Stored entries:

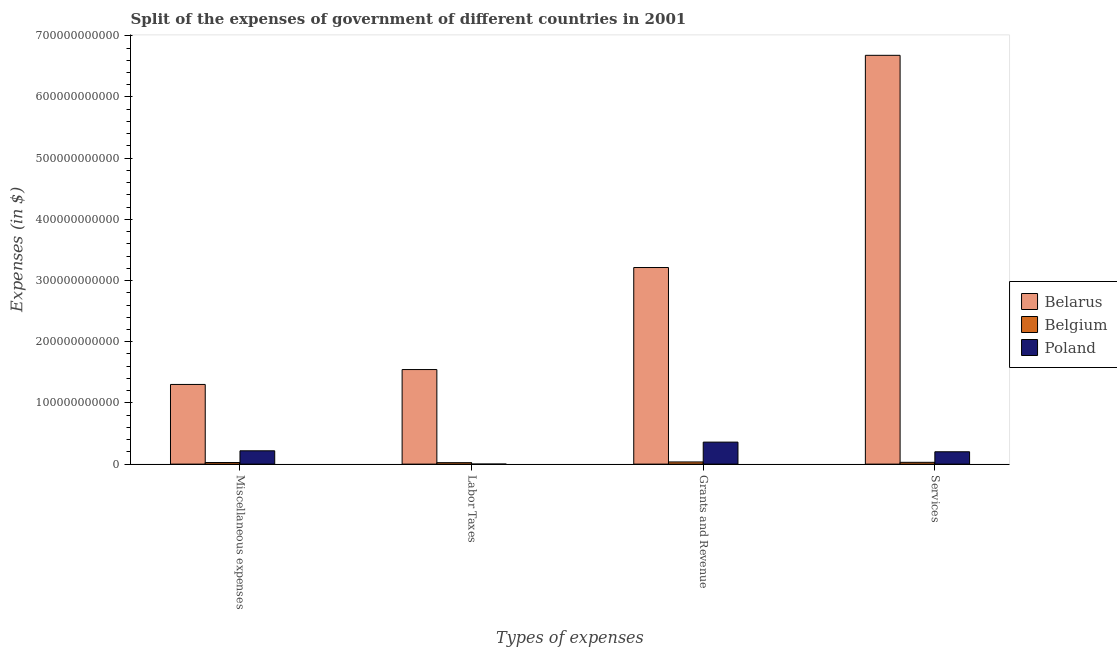Are the number of bars per tick equal to the number of legend labels?
Provide a succinct answer. Yes. Are the number of bars on each tick of the X-axis equal?
Your answer should be compact. Yes. How many bars are there on the 4th tick from the left?
Give a very brief answer. 3. How many bars are there on the 3rd tick from the right?
Your response must be concise. 3. What is the label of the 3rd group of bars from the left?
Make the answer very short. Grants and Revenue. What is the amount spent on services in Belgium?
Your response must be concise. 2.94e+09. Across all countries, what is the maximum amount spent on miscellaneous expenses?
Your response must be concise. 1.30e+11. Across all countries, what is the minimum amount spent on miscellaneous expenses?
Your answer should be compact. 2.59e+09. In which country was the amount spent on labor taxes maximum?
Offer a very short reply. Belarus. What is the total amount spent on miscellaneous expenses in the graph?
Offer a terse response. 1.55e+11. What is the difference between the amount spent on grants and revenue in Poland and that in Belarus?
Provide a short and direct response. -2.85e+11. What is the difference between the amount spent on miscellaneous expenses in Poland and the amount spent on services in Belgium?
Offer a terse response. 1.88e+1. What is the average amount spent on miscellaneous expenses per country?
Keep it short and to the point. 5.15e+1. What is the difference between the amount spent on labor taxes and amount spent on miscellaneous expenses in Belgium?
Give a very brief answer. -2.27e+08. What is the ratio of the amount spent on services in Belarus to that in Poland?
Provide a short and direct response. 33.1. Is the amount spent on grants and revenue in Belarus less than that in Belgium?
Keep it short and to the point. No. Is the difference between the amount spent on services in Belgium and Poland greater than the difference between the amount spent on labor taxes in Belgium and Poland?
Ensure brevity in your answer.  No. What is the difference between the highest and the second highest amount spent on grants and revenue?
Provide a short and direct response. 2.85e+11. What is the difference between the highest and the lowest amount spent on grants and revenue?
Give a very brief answer. 3.18e+11. In how many countries, is the amount spent on miscellaneous expenses greater than the average amount spent on miscellaneous expenses taken over all countries?
Provide a succinct answer. 1. Is the sum of the amount spent on services in Belgium and Belarus greater than the maximum amount spent on grants and revenue across all countries?
Your response must be concise. Yes. What does the 3rd bar from the left in Services represents?
Your response must be concise. Poland. Is it the case that in every country, the sum of the amount spent on miscellaneous expenses and amount spent on labor taxes is greater than the amount spent on grants and revenue?
Give a very brief answer. No. Are all the bars in the graph horizontal?
Give a very brief answer. No. How many countries are there in the graph?
Offer a terse response. 3. What is the difference between two consecutive major ticks on the Y-axis?
Offer a terse response. 1.00e+11. Are the values on the major ticks of Y-axis written in scientific E-notation?
Offer a terse response. No. Does the graph contain any zero values?
Make the answer very short. No. How are the legend labels stacked?
Ensure brevity in your answer.  Vertical. What is the title of the graph?
Your answer should be compact. Split of the expenses of government of different countries in 2001. Does "Brazil" appear as one of the legend labels in the graph?
Your response must be concise. No. What is the label or title of the X-axis?
Your answer should be very brief. Types of expenses. What is the label or title of the Y-axis?
Keep it short and to the point. Expenses (in $). What is the Expenses (in $) in Belarus in Miscellaneous expenses?
Your response must be concise. 1.30e+11. What is the Expenses (in $) in Belgium in Miscellaneous expenses?
Offer a terse response. 2.59e+09. What is the Expenses (in $) of Poland in Miscellaneous expenses?
Offer a terse response. 2.17e+1. What is the Expenses (in $) of Belarus in Labor Taxes?
Your answer should be very brief. 1.55e+11. What is the Expenses (in $) in Belgium in Labor Taxes?
Provide a short and direct response. 2.36e+09. What is the Expenses (in $) of Poland in Labor Taxes?
Offer a terse response. 2.50e+07. What is the Expenses (in $) in Belarus in Grants and Revenue?
Ensure brevity in your answer.  3.21e+11. What is the Expenses (in $) in Belgium in Grants and Revenue?
Offer a very short reply. 3.54e+09. What is the Expenses (in $) in Poland in Grants and Revenue?
Give a very brief answer. 3.60e+1. What is the Expenses (in $) in Belarus in Services?
Your answer should be compact. 6.68e+11. What is the Expenses (in $) in Belgium in Services?
Your answer should be very brief. 2.94e+09. What is the Expenses (in $) of Poland in Services?
Your answer should be very brief. 2.02e+1. Across all Types of expenses, what is the maximum Expenses (in $) of Belarus?
Your response must be concise. 6.68e+11. Across all Types of expenses, what is the maximum Expenses (in $) of Belgium?
Keep it short and to the point. 3.54e+09. Across all Types of expenses, what is the maximum Expenses (in $) in Poland?
Make the answer very short. 3.60e+1. Across all Types of expenses, what is the minimum Expenses (in $) of Belarus?
Offer a very short reply. 1.30e+11. Across all Types of expenses, what is the minimum Expenses (in $) of Belgium?
Your response must be concise. 2.36e+09. Across all Types of expenses, what is the minimum Expenses (in $) in Poland?
Your answer should be compact. 2.50e+07. What is the total Expenses (in $) of Belarus in the graph?
Your response must be concise. 1.27e+12. What is the total Expenses (in $) in Belgium in the graph?
Offer a very short reply. 1.14e+1. What is the total Expenses (in $) in Poland in the graph?
Provide a short and direct response. 7.79e+1. What is the difference between the Expenses (in $) in Belarus in Miscellaneous expenses and that in Labor Taxes?
Make the answer very short. -2.43e+1. What is the difference between the Expenses (in $) in Belgium in Miscellaneous expenses and that in Labor Taxes?
Offer a very short reply. 2.27e+08. What is the difference between the Expenses (in $) in Poland in Miscellaneous expenses and that in Labor Taxes?
Your answer should be very brief. 2.17e+1. What is the difference between the Expenses (in $) in Belarus in Miscellaneous expenses and that in Grants and Revenue?
Keep it short and to the point. -1.91e+11. What is the difference between the Expenses (in $) of Belgium in Miscellaneous expenses and that in Grants and Revenue?
Your response must be concise. -9.47e+08. What is the difference between the Expenses (in $) in Poland in Miscellaneous expenses and that in Grants and Revenue?
Your answer should be compact. -1.42e+1. What is the difference between the Expenses (in $) in Belarus in Miscellaneous expenses and that in Services?
Give a very brief answer. -5.38e+11. What is the difference between the Expenses (in $) in Belgium in Miscellaneous expenses and that in Services?
Ensure brevity in your answer.  -3.48e+08. What is the difference between the Expenses (in $) in Poland in Miscellaneous expenses and that in Services?
Make the answer very short. 1.56e+09. What is the difference between the Expenses (in $) of Belarus in Labor Taxes and that in Grants and Revenue?
Provide a succinct answer. -1.67e+11. What is the difference between the Expenses (in $) of Belgium in Labor Taxes and that in Grants and Revenue?
Make the answer very short. -1.17e+09. What is the difference between the Expenses (in $) in Poland in Labor Taxes and that in Grants and Revenue?
Your answer should be compact. -3.59e+1. What is the difference between the Expenses (in $) in Belarus in Labor Taxes and that in Services?
Offer a terse response. -5.14e+11. What is the difference between the Expenses (in $) in Belgium in Labor Taxes and that in Services?
Ensure brevity in your answer.  -5.75e+08. What is the difference between the Expenses (in $) of Poland in Labor Taxes and that in Services?
Your answer should be very brief. -2.02e+1. What is the difference between the Expenses (in $) of Belarus in Grants and Revenue and that in Services?
Offer a terse response. -3.47e+11. What is the difference between the Expenses (in $) in Belgium in Grants and Revenue and that in Services?
Offer a very short reply. 5.99e+08. What is the difference between the Expenses (in $) of Poland in Grants and Revenue and that in Services?
Your answer should be compact. 1.58e+1. What is the difference between the Expenses (in $) of Belarus in Miscellaneous expenses and the Expenses (in $) of Belgium in Labor Taxes?
Make the answer very short. 1.28e+11. What is the difference between the Expenses (in $) in Belarus in Miscellaneous expenses and the Expenses (in $) in Poland in Labor Taxes?
Your answer should be compact. 1.30e+11. What is the difference between the Expenses (in $) in Belgium in Miscellaneous expenses and the Expenses (in $) in Poland in Labor Taxes?
Your response must be concise. 2.57e+09. What is the difference between the Expenses (in $) of Belarus in Miscellaneous expenses and the Expenses (in $) of Belgium in Grants and Revenue?
Your response must be concise. 1.27e+11. What is the difference between the Expenses (in $) of Belarus in Miscellaneous expenses and the Expenses (in $) of Poland in Grants and Revenue?
Keep it short and to the point. 9.42e+1. What is the difference between the Expenses (in $) in Belgium in Miscellaneous expenses and the Expenses (in $) in Poland in Grants and Revenue?
Keep it short and to the point. -3.34e+1. What is the difference between the Expenses (in $) of Belarus in Miscellaneous expenses and the Expenses (in $) of Belgium in Services?
Ensure brevity in your answer.  1.27e+11. What is the difference between the Expenses (in $) in Belarus in Miscellaneous expenses and the Expenses (in $) in Poland in Services?
Provide a succinct answer. 1.10e+11. What is the difference between the Expenses (in $) of Belgium in Miscellaneous expenses and the Expenses (in $) of Poland in Services?
Make the answer very short. -1.76e+1. What is the difference between the Expenses (in $) in Belarus in Labor Taxes and the Expenses (in $) in Belgium in Grants and Revenue?
Make the answer very short. 1.51e+11. What is the difference between the Expenses (in $) of Belarus in Labor Taxes and the Expenses (in $) of Poland in Grants and Revenue?
Your response must be concise. 1.19e+11. What is the difference between the Expenses (in $) in Belgium in Labor Taxes and the Expenses (in $) in Poland in Grants and Revenue?
Provide a succinct answer. -3.36e+1. What is the difference between the Expenses (in $) in Belarus in Labor Taxes and the Expenses (in $) in Belgium in Services?
Keep it short and to the point. 1.52e+11. What is the difference between the Expenses (in $) of Belarus in Labor Taxes and the Expenses (in $) of Poland in Services?
Give a very brief answer. 1.34e+11. What is the difference between the Expenses (in $) of Belgium in Labor Taxes and the Expenses (in $) of Poland in Services?
Offer a terse response. -1.78e+1. What is the difference between the Expenses (in $) of Belarus in Grants and Revenue and the Expenses (in $) of Belgium in Services?
Your answer should be very brief. 3.18e+11. What is the difference between the Expenses (in $) of Belarus in Grants and Revenue and the Expenses (in $) of Poland in Services?
Keep it short and to the point. 3.01e+11. What is the difference between the Expenses (in $) of Belgium in Grants and Revenue and the Expenses (in $) of Poland in Services?
Keep it short and to the point. -1.66e+1. What is the average Expenses (in $) of Belarus per Types of expenses?
Provide a short and direct response. 3.19e+11. What is the average Expenses (in $) in Belgium per Types of expenses?
Keep it short and to the point. 2.86e+09. What is the average Expenses (in $) in Poland per Types of expenses?
Give a very brief answer. 1.95e+1. What is the difference between the Expenses (in $) of Belarus and Expenses (in $) of Belgium in Miscellaneous expenses?
Keep it short and to the point. 1.28e+11. What is the difference between the Expenses (in $) in Belarus and Expenses (in $) in Poland in Miscellaneous expenses?
Keep it short and to the point. 1.08e+11. What is the difference between the Expenses (in $) in Belgium and Expenses (in $) in Poland in Miscellaneous expenses?
Keep it short and to the point. -1.92e+1. What is the difference between the Expenses (in $) of Belarus and Expenses (in $) of Belgium in Labor Taxes?
Offer a very short reply. 1.52e+11. What is the difference between the Expenses (in $) in Belarus and Expenses (in $) in Poland in Labor Taxes?
Your answer should be very brief. 1.55e+11. What is the difference between the Expenses (in $) of Belgium and Expenses (in $) of Poland in Labor Taxes?
Ensure brevity in your answer.  2.34e+09. What is the difference between the Expenses (in $) in Belarus and Expenses (in $) in Belgium in Grants and Revenue?
Ensure brevity in your answer.  3.18e+11. What is the difference between the Expenses (in $) of Belarus and Expenses (in $) of Poland in Grants and Revenue?
Keep it short and to the point. 2.85e+11. What is the difference between the Expenses (in $) of Belgium and Expenses (in $) of Poland in Grants and Revenue?
Make the answer very short. -3.24e+1. What is the difference between the Expenses (in $) in Belarus and Expenses (in $) in Belgium in Services?
Ensure brevity in your answer.  6.65e+11. What is the difference between the Expenses (in $) in Belarus and Expenses (in $) in Poland in Services?
Make the answer very short. 6.48e+11. What is the difference between the Expenses (in $) of Belgium and Expenses (in $) of Poland in Services?
Ensure brevity in your answer.  -1.72e+1. What is the ratio of the Expenses (in $) in Belarus in Miscellaneous expenses to that in Labor Taxes?
Offer a terse response. 0.84. What is the ratio of the Expenses (in $) in Belgium in Miscellaneous expenses to that in Labor Taxes?
Offer a terse response. 1.1. What is the ratio of the Expenses (in $) in Poland in Miscellaneous expenses to that in Labor Taxes?
Make the answer very short. 869.84. What is the ratio of the Expenses (in $) in Belarus in Miscellaneous expenses to that in Grants and Revenue?
Give a very brief answer. 0.41. What is the ratio of the Expenses (in $) in Belgium in Miscellaneous expenses to that in Grants and Revenue?
Provide a succinct answer. 0.73. What is the ratio of the Expenses (in $) of Poland in Miscellaneous expenses to that in Grants and Revenue?
Your response must be concise. 0.6. What is the ratio of the Expenses (in $) of Belarus in Miscellaneous expenses to that in Services?
Provide a succinct answer. 0.19. What is the ratio of the Expenses (in $) of Belgium in Miscellaneous expenses to that in Services?
Your response must be concise. 0.88. What is the ratio of the Expenses (in $) of Poland in Miscellaneous expenses to that in Services?
Your answer should be compact. 1.08. What is the ratio of the Expenses (in $) of Belarus in Labor Taxes to that in Grants and Revenue?
Your response must be concise. 0.48. What is the ratio of the Expenses (in $) of Belgium in Labor Taxes to that in Grants and Revenue?
Ensure brevity in your answer.  0.67. What is the ratio of the Expenses (in $) in Poland in Labor Taxes to that in Grants and Revenue?
Make the answer very short. 0. What is the ratio of the Expenses (in $) of Belarus in Labor Taxes to that in Services?
Your response must be concise. 0.23. What is the ratio of the Expenses (in $) of Belgium in Labor Taxes to that in Services?
Your answer should be compact. 0.8. What is the ratio of the Expenses (in $) in Poland in Labor Taxes to that in Services?
Make the answer very short. 0. What is the ratio of the Expenses (in $) in Belarus in Grants and Revenue to that in Services?
Keep it short and to the point. 0.48. What is the ratio of the Expenses (in $) in Belgium in Grants and Revenue to that in Services?
Your response must be concise. 1.2. What is the ratio of the Expenses (in $) of Poland in Grants and Revenue to that in Services?
Ensure brevity in your answer.  1.78. What is the difference between the highest and the second highest Expenses (in $) of Belarus?
Provide a succinct answer. 3.47e+11. What is the difference between the highest and the second highest Expenses (in $) in Belgium?
Give a very brief answer. 5.99e+08. What is the difference between the highest and the second highest Expenses (in $) in Poland?
Offer a terse response. 1.42e+1. What is the difference between the highest and the lowest Expenses (in $) in Belarus?
Offer a very short reply. 5.38e+11. What is the difference between the highest and the lowest Expenses (in $) in Belgium?
Make the answer very short. 1.17e+09. What is the difference between the highest and the lowest Expenses (in $) in Poland?
Your response must be concise. 3.59e+1.

▶ _Exercise description_: Look through the entries and return every line where "there" appears.

▶ _Result for this exercise_:
Your answer should be compact. Yes. How many bars are there on the 4th tick from the left?
Give a very brief answer. 3. How many bars are there on the 3rd tick from the right?
Give a very brief answer. No. How many countries are there in the graph?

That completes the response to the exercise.